The discovery of thymus function and of T and B cell collaboration was a major immunological milestone because it not only opened up the field of immune cell interactions but also changed the course of immunology and medicine. It promoted the need for all immune phenomena, for example, memory, tolerance, autoimmunity, and immunodeficiency, as well as inflammatory and immunopathological disease conditions, to be reassessed in terms of the role played by the two distinct sets of lymphocytes and their subsets. We now know that T cells are involved in the entire spectrum of tissue physiology and pathology and even in situations not considered to be bona fide immunological conditions, such as tissue repair, dysbiosis, eclampsia, senescence, and cancer.

Origin and migration of T and B cells.

Hemopoietic stem cells originating in the yolk sac, fetal liver, or bone marrow migrate through the blood to the thymus, where they differentiate into T lymphocytes. Others differentiate within the bone marrow in mammals, or the bursa of Fabricius in birds, to produce B cells. Mature T and B cells circulate in the blood and lymph and colonize the T and B cell compartments of the lymphoid tissues.

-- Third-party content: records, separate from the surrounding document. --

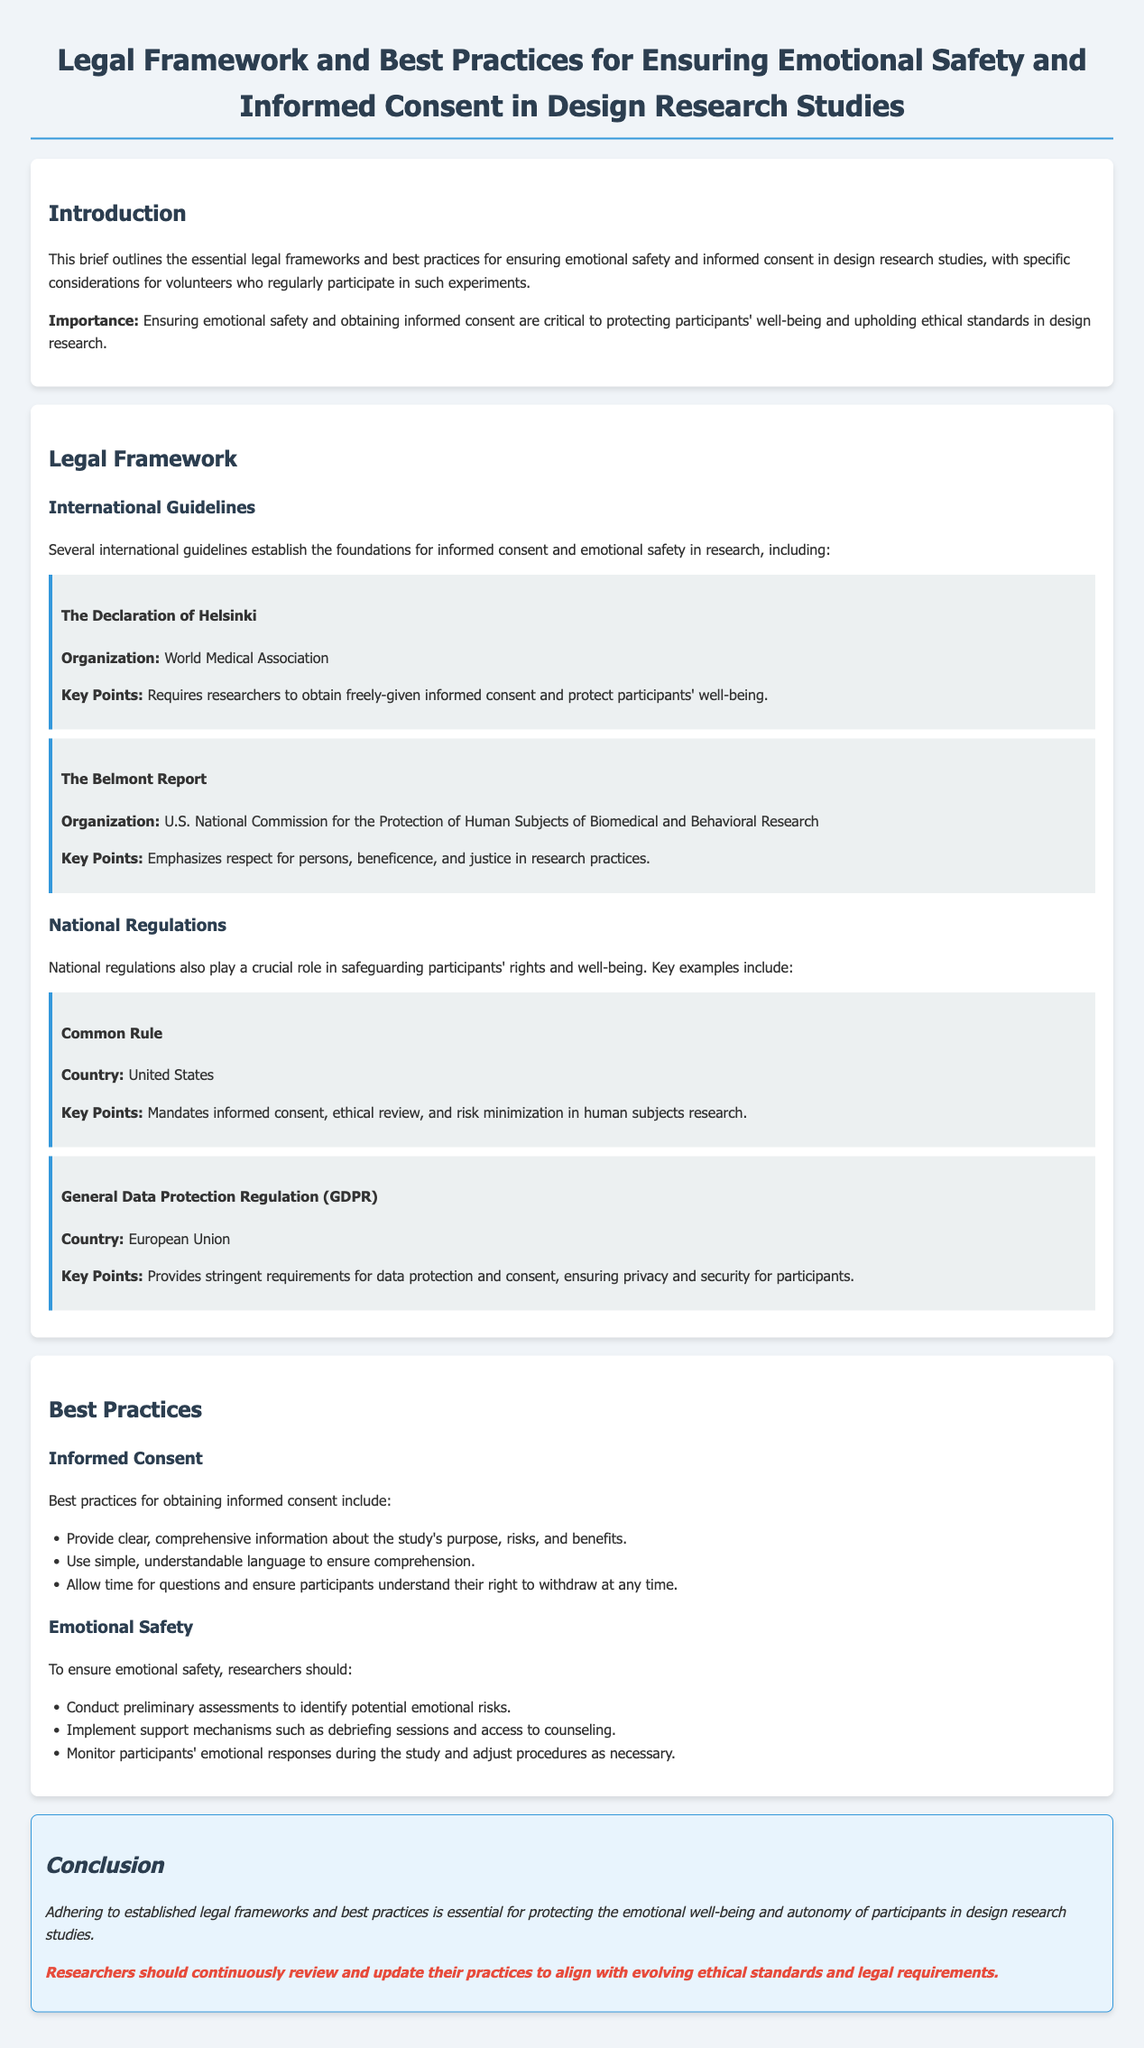what organization created the Declaration of Helsinki? The Declaration of Helsinki is established by the World Medical Association, which is mentioned in the document.
Answer: World Medical Association what key principle does the Belmont Report emphasize? The Belmont Report emphasizes respect for persons, beneficence, and justice, which are highlighted in the document.
Answer: Respect for persons what regulation mandates informed consent in human subjects research? The document points out that the Common Rule mandates informed consent, among other ethical requirements.
Answer: Common Rule which regulation provides requirements for data protection in the EU? The General Data Protection Regulation (GDPR) is mentioned in the document as the regulation that provides data protection requirements.
Answer: GDPR what is one of the best practices for obtaining informed consent? One of the best practices mentioned is providing clear, comprehensive information about the study's purpose, risks, and benefits.
Answer: Clear information what should researchers implement to ensure emotional safety? The document states that researchers should implement support mechanisms such as debriefing sessions and access to counseling to ensure emotional safety.
Answer: Debriefing sessions why is informed consent critical in design research? The document states that informed consent is critical for protecting participants' well-being and upholding ethical standards.
Answer: Protecting well-being what is the implication of the call-to-action in the conclusion? The conclusion emphasizes that researchers should continuously review and update their practices to align with evolving ethical standards and legal requirements.
Answer: Continuous review 
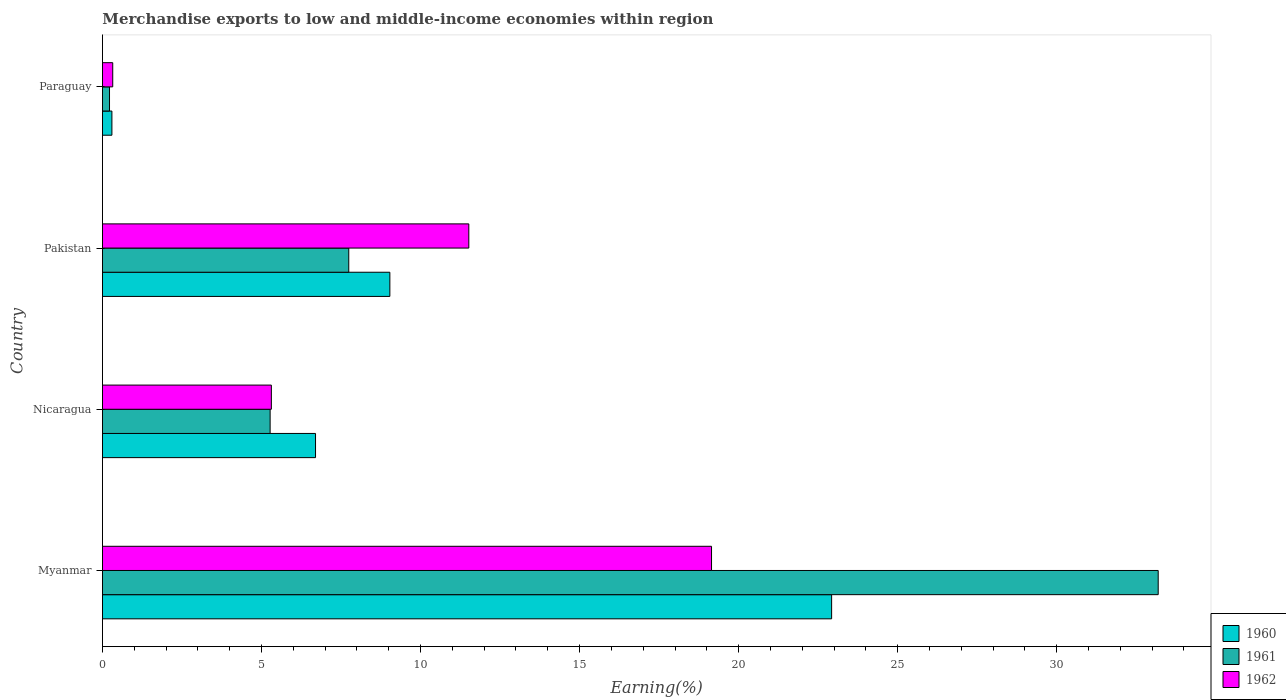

Reprinted with permission from the Royal Society, London

Abstract

The lymphoid system is intimately involved in immunological processes. The small lymphocyte that circulates through blood into lymphoid tissues, then through the lymph and back to the blood through the thoracic duct, is able to initiate immune responses after appropriate stimulation by antigen. However, the lymphocytes found in the thymus are deficient in this ability despite the fact that the thymus plays a central role in lymphocyte production and in ensuring the normal development of immunological faculty. During embryogenesis, lymphocytes are present in the thymus before they can be identified in the circulation and in other lymphoid tissues. They become “educated” in the thymus to recognize a great diversity of peptide antigens bound to the body’s own marker antigen, the major histocompatibility complex, but they are purged if they strongly react against their own self-components. Lymphocytes differentiate to become various T cell subsets and then exit through the bloodstream to populate certain areas of the lymphoid system as peripheral T lymphocytes with distinct markers and immune functions.